The main idea is to replace mechanical louvers by a more architectural shading screen, whose shading factor to be correlated to the irradiation. The track we are following is using bimetal elements, like the work of Doris Sungs

We have already established the physical behaviour of the bimetal element, in function of the temperature and determined the best size and shape for tiles to sustain wind pressure. The shapes we have kept are triangle, rectangle, and trapeze. So we are able to make a grasshopper component that gives the shape as an output of a temperature input.

Next problem is to determine the temperature of the bimetal tile exposed to sun, air temperature and speed. As a first step, I will suppose air is calm, so I believe the main factor for temperature raise is sun exposure.

Do you have any idea to start that work ?

Thanks to you all.

Regards

What about starting from creating a simple energy model to calculate the hourly temperature of the surfaces?

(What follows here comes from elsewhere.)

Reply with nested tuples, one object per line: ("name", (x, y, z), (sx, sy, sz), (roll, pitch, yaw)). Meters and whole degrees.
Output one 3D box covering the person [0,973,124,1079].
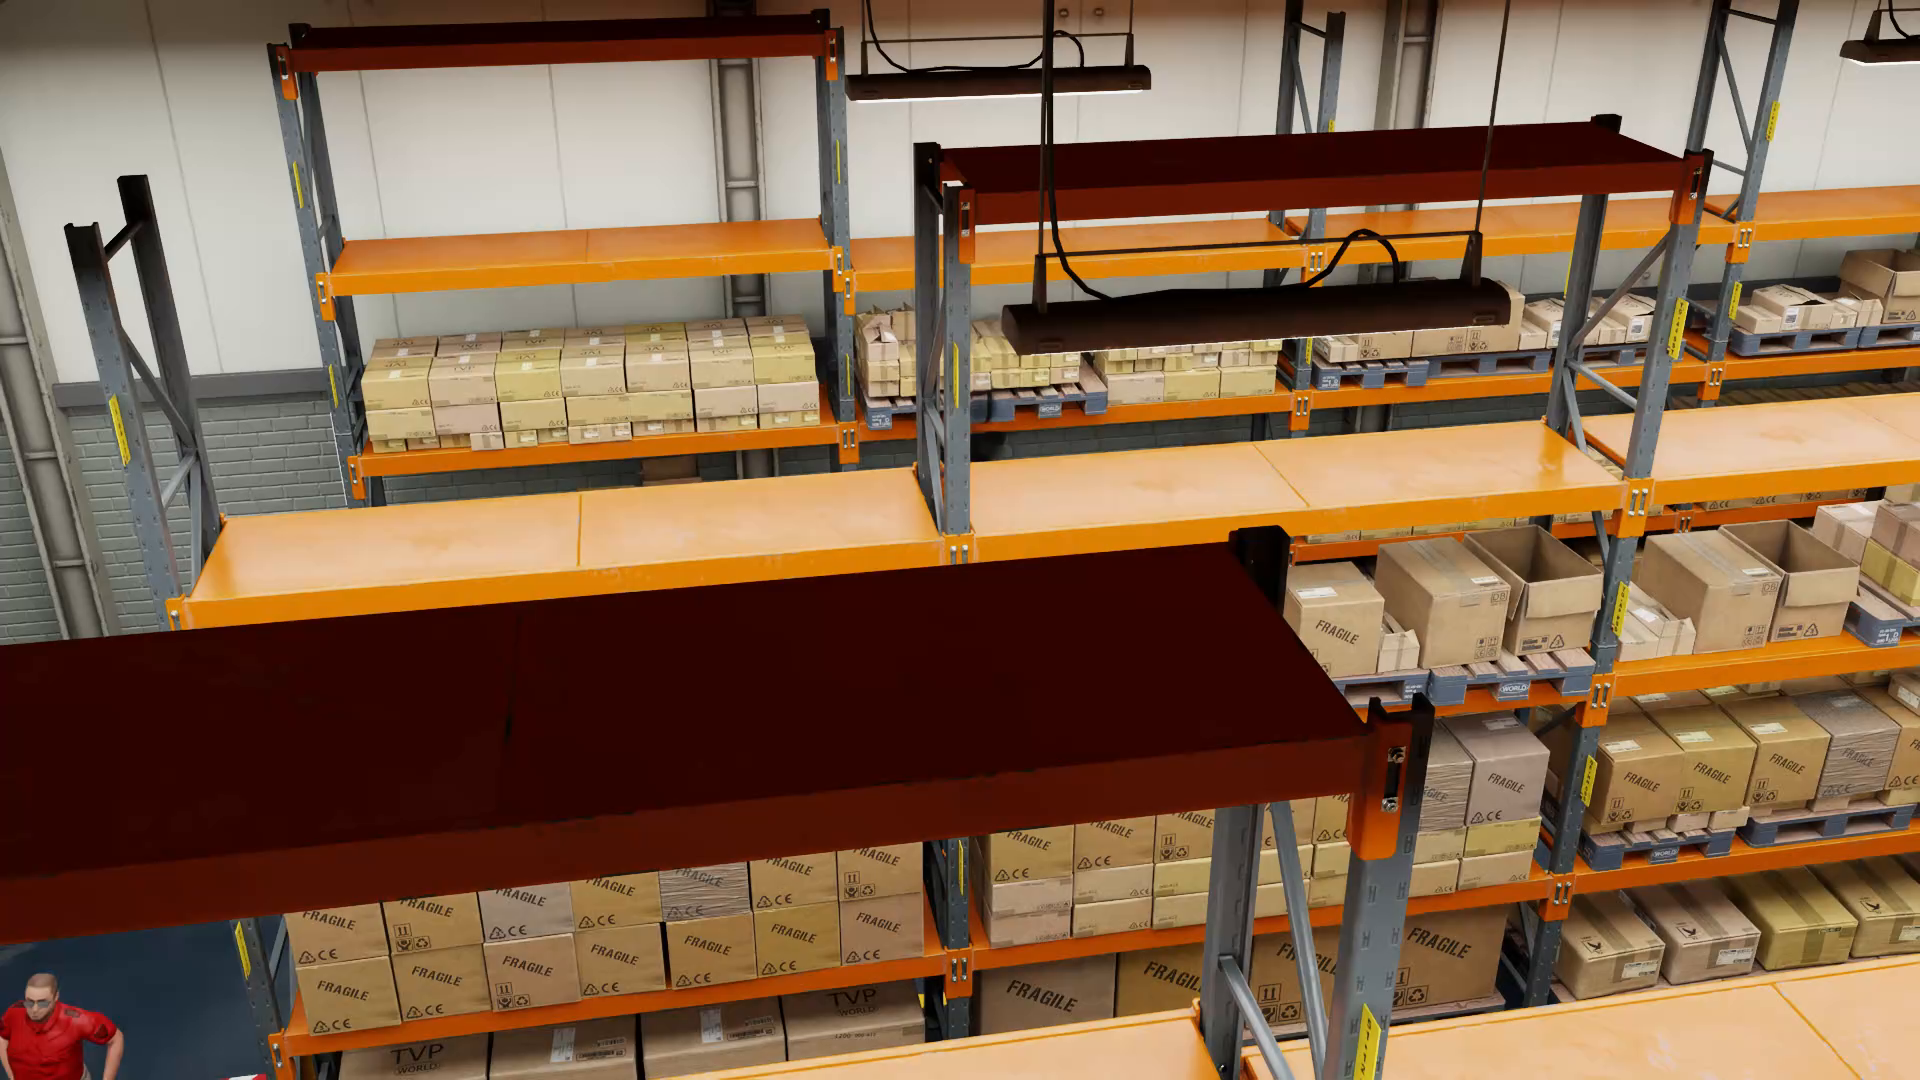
("person", (-5.231, 3.211, 9.682), (0.731, 1.690, 0.894), (3, 26, 7))

You can also calculate hourly radiation on the surface (using radiance or daysim) and use that to calculate the surface temperature based on your material properties if you have your own formulas to calculate the temperature.

Frehel,

This is an interesting question. Air temperature and wind speed you get from the EPW file. To get surface temperatures, the best suggestion that I have is what Mostapha mentioned: you create a HBZone that is covered in your material and look at the hourly surface temperatures that you get out of the simulation.

Eventually, there may be a simpler workflow as I am currently working on a couple of components to help estimate surface temperatures given steady state assumptions. I have not yet put in the ability to account for direct sun yet, though, and I don’t know if the movement of the sun across the sky means that such a steady state estimate would be too inaccurate. In the meantime, the transient E+ simulation is your best bet.